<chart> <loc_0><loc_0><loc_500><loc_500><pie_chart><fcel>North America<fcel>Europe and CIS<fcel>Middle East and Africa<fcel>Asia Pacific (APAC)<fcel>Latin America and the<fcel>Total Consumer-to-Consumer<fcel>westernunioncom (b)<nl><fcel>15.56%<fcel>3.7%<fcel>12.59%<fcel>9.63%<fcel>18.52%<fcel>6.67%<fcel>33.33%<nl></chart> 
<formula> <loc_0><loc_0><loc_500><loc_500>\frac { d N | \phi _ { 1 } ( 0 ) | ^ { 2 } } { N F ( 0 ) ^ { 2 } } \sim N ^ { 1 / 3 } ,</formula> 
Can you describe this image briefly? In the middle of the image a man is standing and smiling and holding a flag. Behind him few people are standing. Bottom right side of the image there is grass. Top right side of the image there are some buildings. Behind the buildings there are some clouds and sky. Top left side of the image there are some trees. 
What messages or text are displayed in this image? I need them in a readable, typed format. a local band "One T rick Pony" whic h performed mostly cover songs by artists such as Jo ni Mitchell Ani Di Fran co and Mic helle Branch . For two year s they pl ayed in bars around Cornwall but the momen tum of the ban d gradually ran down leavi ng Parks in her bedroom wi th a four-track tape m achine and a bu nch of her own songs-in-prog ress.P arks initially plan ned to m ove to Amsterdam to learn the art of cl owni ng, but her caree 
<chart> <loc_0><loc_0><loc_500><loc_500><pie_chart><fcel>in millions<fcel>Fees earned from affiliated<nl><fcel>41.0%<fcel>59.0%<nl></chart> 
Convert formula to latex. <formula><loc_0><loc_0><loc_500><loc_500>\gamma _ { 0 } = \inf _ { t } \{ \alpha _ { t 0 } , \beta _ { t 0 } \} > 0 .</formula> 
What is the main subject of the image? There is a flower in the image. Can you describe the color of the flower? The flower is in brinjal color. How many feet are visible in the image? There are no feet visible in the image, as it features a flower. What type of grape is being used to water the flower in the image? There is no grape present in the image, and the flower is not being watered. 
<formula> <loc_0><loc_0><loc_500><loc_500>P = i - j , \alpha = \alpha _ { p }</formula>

----

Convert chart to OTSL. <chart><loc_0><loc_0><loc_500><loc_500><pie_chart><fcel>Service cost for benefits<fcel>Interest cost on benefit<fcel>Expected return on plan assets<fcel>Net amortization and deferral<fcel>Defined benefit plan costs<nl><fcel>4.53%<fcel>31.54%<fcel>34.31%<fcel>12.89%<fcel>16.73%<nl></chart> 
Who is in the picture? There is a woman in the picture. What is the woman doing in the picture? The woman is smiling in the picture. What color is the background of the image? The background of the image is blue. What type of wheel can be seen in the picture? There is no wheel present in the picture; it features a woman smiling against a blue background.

----

§ **EXERCISE**
Check each line of the data above for the word "alpha". Report how many lines have it, and nothing else.

§ **WRITTEN RESPONSE**
2